=== Section Start ===

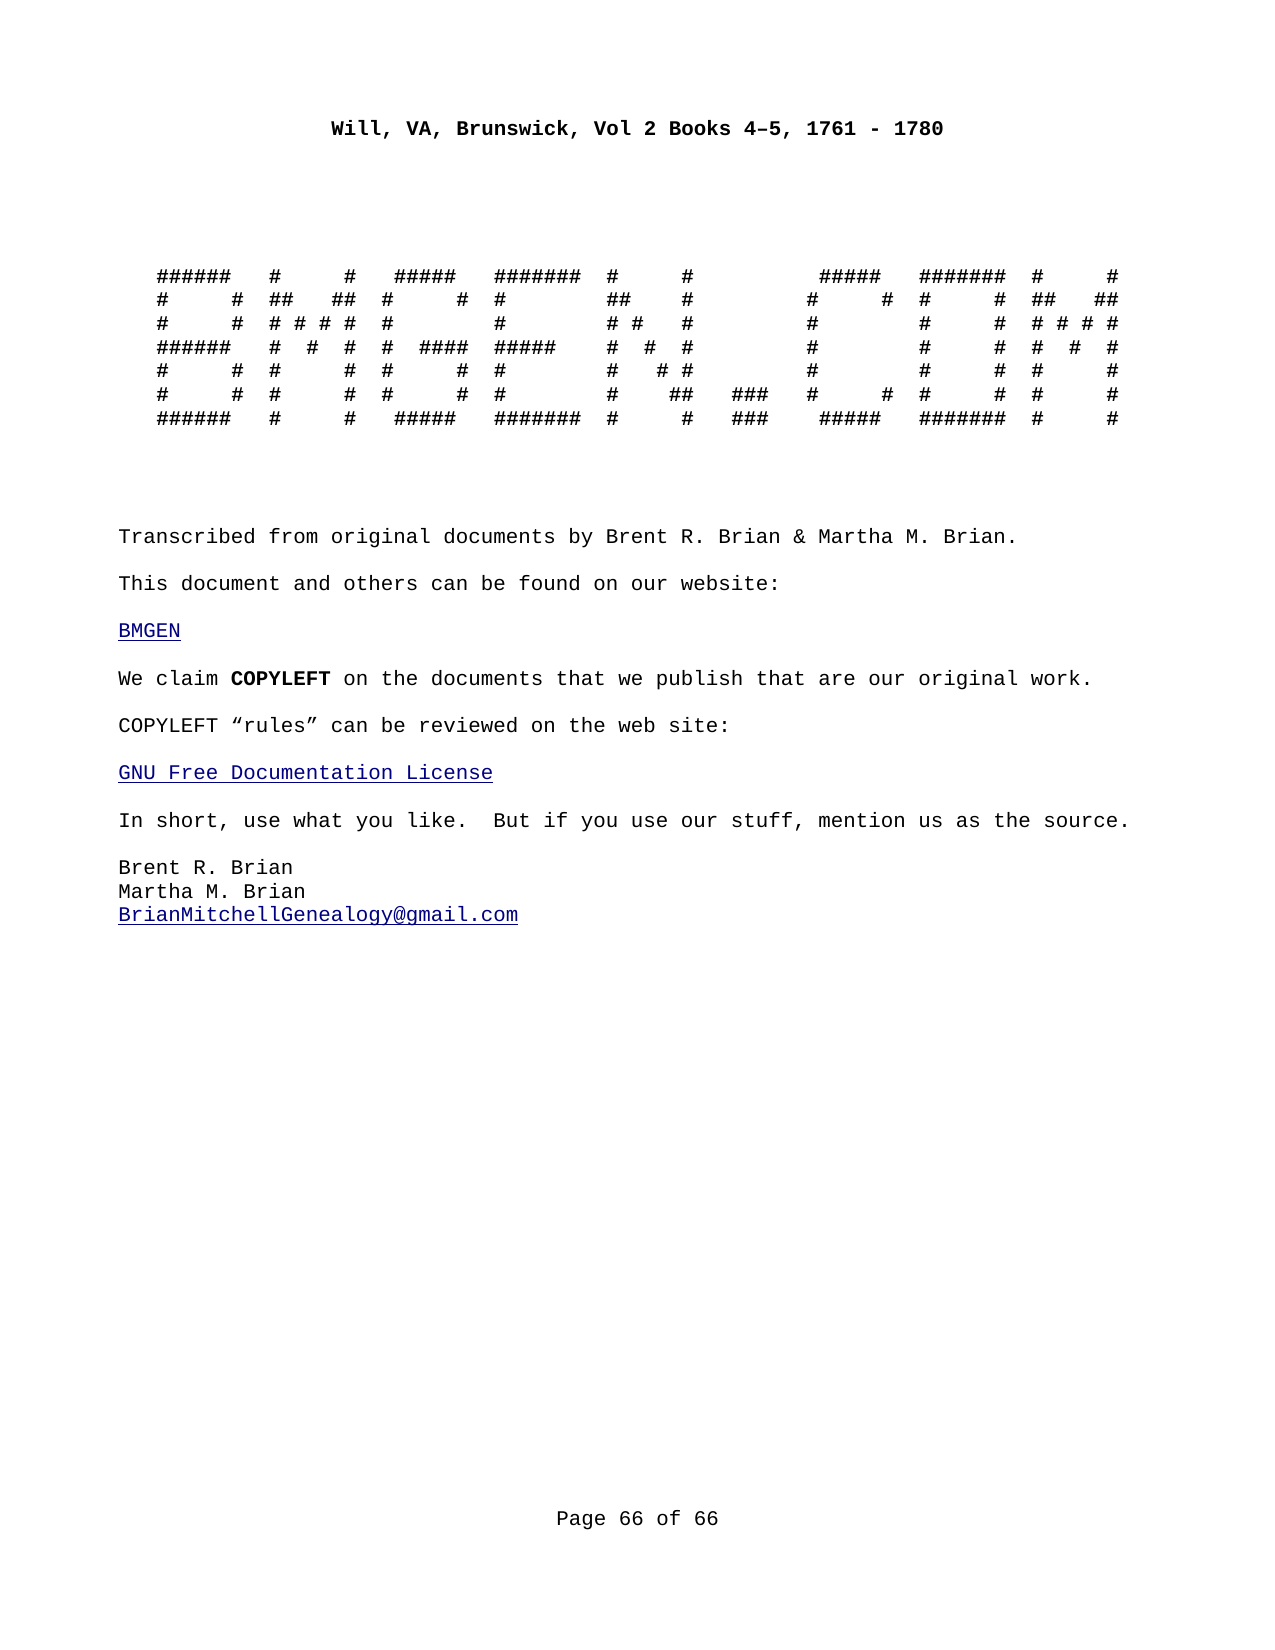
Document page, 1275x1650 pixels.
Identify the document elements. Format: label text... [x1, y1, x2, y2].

text ###### # # # # #### ##### # # # # # # # # # [118, 337, 1157, 360]
text ###### # # ##### ####### # # ### ##### ####### # # [118, 408, 1157, 431]
text Brent R. Brian [118, 857, 1157, 881]
text # # ## ## # # # ## # # # # # ## ## [118, 289, 1157, 313]
text # # # # # # # # ## ### # # # # # # [118, 384, 1157, 408]
text BrianMitchellGenealogy@gmail.com [118, 904, 1157, 928]
text Transcribed from original documents by Brent R. Brian & Martha M. Brian. [118, 526, 1157, 549]
text We claim COPYLEFT on the documents that we publish that are our original work. [118, 668, 1157, 691]
text GNU Free Documentation License [118, 762, 1157, 786]
text Martha M. Brian [118, 881, 1157, 904]
text This document and others can be found on our website: [118, 573, 1157, 597]
text # # # # # # # # # # # # # # # [118, 360, 1157, 384]
text ###### # # ##### ####### # # ##### ####### # # [118, 266, 1157, 289]
text BMGEN [118, 621, 1157, 644]
text # # # # # # # # # # # # # # # # # # [118, 313, 1157, 337]
text In short, use what you like. But if you use our stuff, mention us as the source. [118, 810, 1157, 833]
text COPYLEFT “rules” can be reviewed on the web site: [118, 715, 1157, 739]

=== Section End ===

Copy, word for word, the entries above from the first line to the line that holds "text Brent R. Brian [118, 857, 1157, 881]". Drop the pictures.

Task answer:
Document page, 1275x1650 pixels.
Identify the document elements. Format: label text... [x1, y1, x2, y2].

text ###### # # # # #### ##### # # # # # # # # # [118, 337, 1157, 360]
text ###### # # ##### ####### # # ### ##### ####### # # [118, 408, 1157, 431]
text Brent R. Brian [118, 857, 1157, 881]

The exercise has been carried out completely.